Cass McCombs confirmed up late for the twentieth century, like a celebration visitor arriving because the host was lastly slipping off her earrings. Then he wouldn’t go away. Over the 20-odd years since he emerged, a whispery Gen X folkie with a smart-assed streak and bowing bookshelves, he has change into a lighthouse keeper for Boomer beacons: Lennon, Zevon, Dylan, Cohen, Nilsson, Newman, Younger. “Priestess,” the solemnly funky opener of Inside Dwell Oak, glimmers with lime rickeys and wild horses, Ella Fitzgerald and John Prine, and the report typically does little to dispel the phantasm that it might have been made by Gordon Lightfoot in 1974. The issues McCombs does so properly are so acquainted as to be nearly invisible. Why they nonetheless appear so distinctly his is an everlasting thriller. Perhaps it’s simply that he’s grown from being a precocious, pugnacious, quixotic songwriter to being a terrific one, and greatness makes inherited issues appear invented.
If the postwar pop pantheon nonetheless has any room, then McCombs ought to be a shoo-in on the proof of Inside Dwell Oak. Although the album might be fairly humorous, it delivers the products with no humorous enterprise—16 songs and never a throwaway amongst them, every an instance of what works, fairly than an experiment in what may. Songs with beautiful melodies, alert preparations, and good rhetorical mechanisms; songs that make you wow and hmm. Character songs, story songs, bardic American songs that array demotic discuss on mythic patterns, imprinting the identical previous adjustments with a lived texture that’s each distinctive and common. It’s middle-aged in a great way, a report of settled tastes, with ambition and aptitude in equilibrium, and an ideal portal into his one-man canon.
Going again to the properly with previous collaborators like Papercuts’ Jason Quever, McCombs has devised a mode for Inside Dwell Oak that wafts and slithers—half breeze, half snake, with a gradual and deliberate tempo stuffed with coiled energies. There’s Croce-style rococo folks, jangly fuzz rock, sparkly soul, and big-desert nation, in a manufacturing type that emphasizes the haptic shapes of fingers urgent strings, particularly in Brian Betancourt’s nomadic basslines. As ever, a part of the music’s allure lies in its misleading effortlessness and modesty. However that is belied by an astonishing outpouring of phrases that recollects peak Paul Simon in flavorful Americana and enigmatic scope.
When a tune is nice sufficient, just a few good lyrics, with some filler and repetition, will typically get you by. However McCombs has packed literature into these songs, from finish to finish. He begins with scintillating verbal surfaces that might keep our curiosity alone, and infrequently do: “Miss Mabee” performs with the plain homophone for 3 minutes of buoyant energy pop.

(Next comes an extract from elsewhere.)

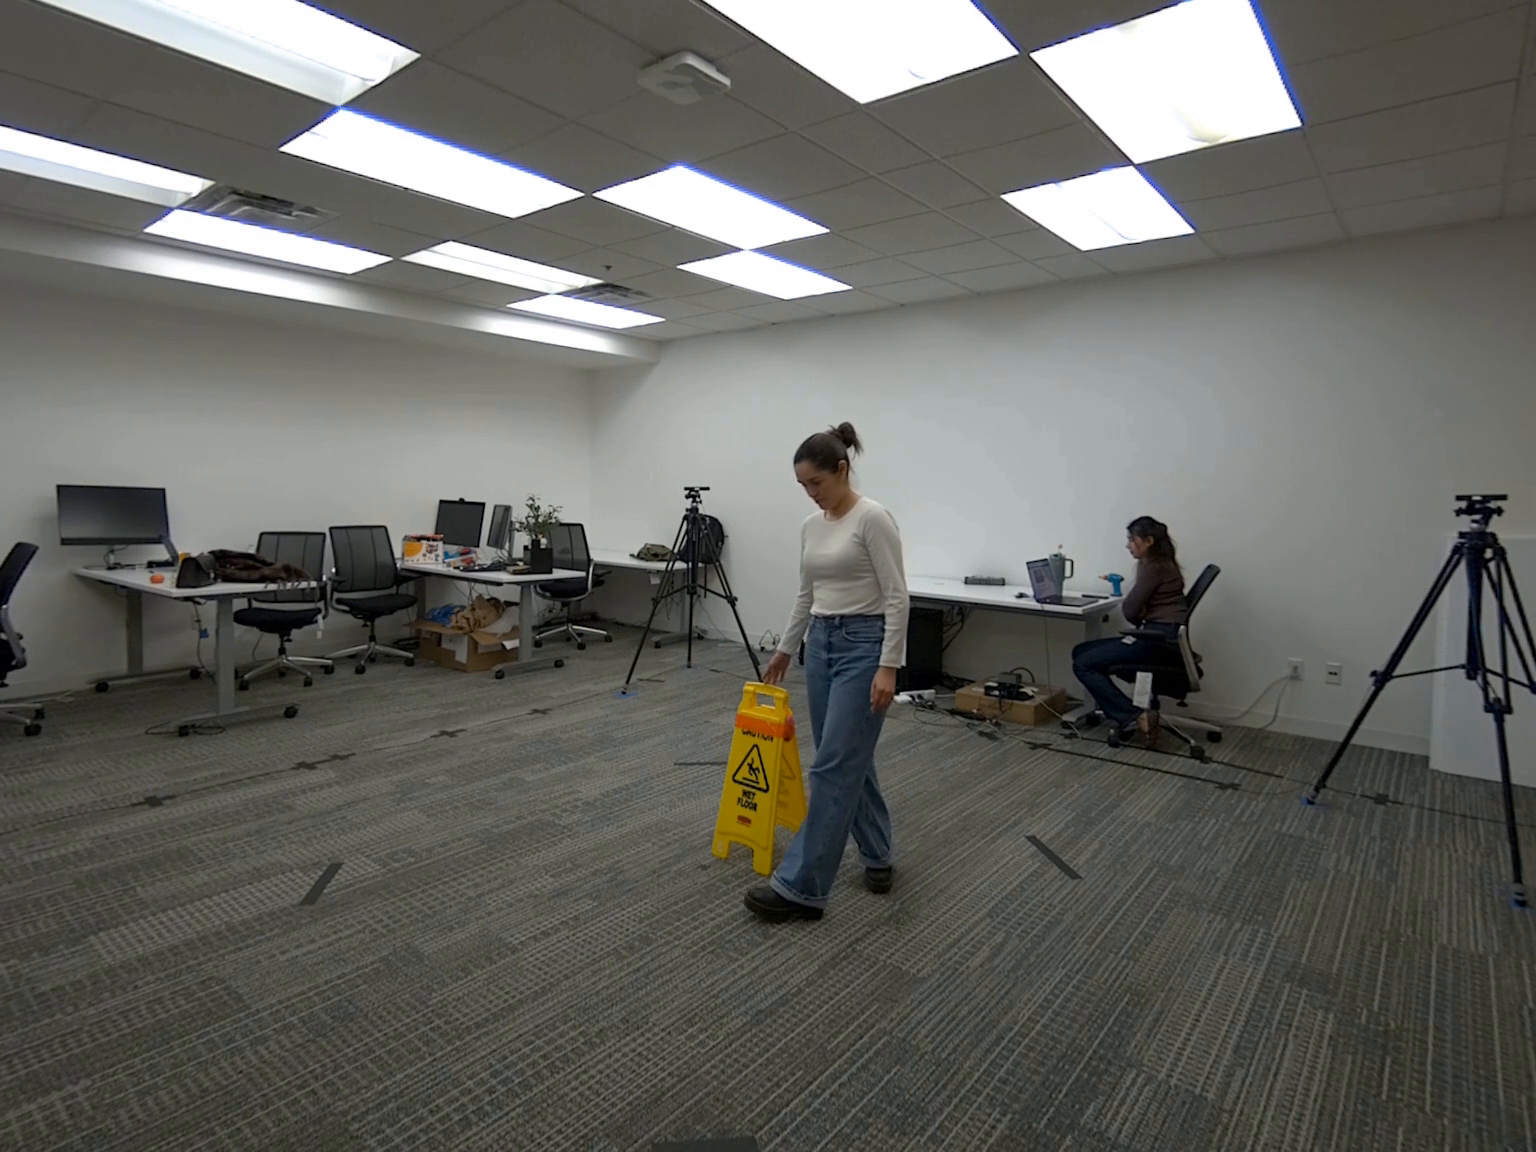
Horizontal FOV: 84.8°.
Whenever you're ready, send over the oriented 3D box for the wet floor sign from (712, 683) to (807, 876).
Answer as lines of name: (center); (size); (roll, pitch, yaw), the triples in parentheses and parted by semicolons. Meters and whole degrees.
wet floor sign: (-0.022, 0.731, 3.236); (0.292, 0.644, 0.281); (4, 4, 39)

However normally, having arrange a intelligent conceit, he retains coming again at it from totally different angles, unpacking it into one thing huge and visionary or intimate and profound. The flickering gallop of “Peace” (“‘Peace’ is what we are saying/Once we say goodbye”) made me discover the burden of that informal parting phrase in a manner I hadn’t earlier than, whereas the Tom Petty–like “Who Eliminated the Cellar Door?” demonstrates the intuitive leaps that enlarge the album, superimposing the sting of a flooded basement and the highest of Niagara Falls in a terrific rush of remorse.